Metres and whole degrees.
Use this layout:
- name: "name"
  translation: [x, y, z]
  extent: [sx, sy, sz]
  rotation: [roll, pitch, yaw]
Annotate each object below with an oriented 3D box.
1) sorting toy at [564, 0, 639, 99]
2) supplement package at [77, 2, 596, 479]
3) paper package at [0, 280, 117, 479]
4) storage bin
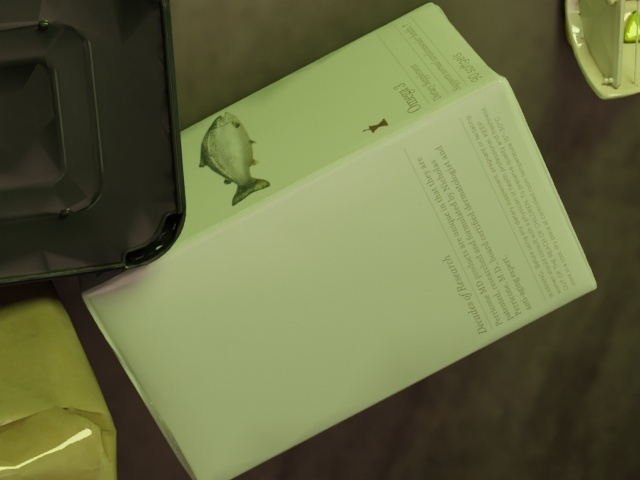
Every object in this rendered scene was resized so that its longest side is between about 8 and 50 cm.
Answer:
# # # # # # #
▸ Problem
Nothing but a number is wanted here: how many lines of the material contain the string "this".

▸ The completed task
2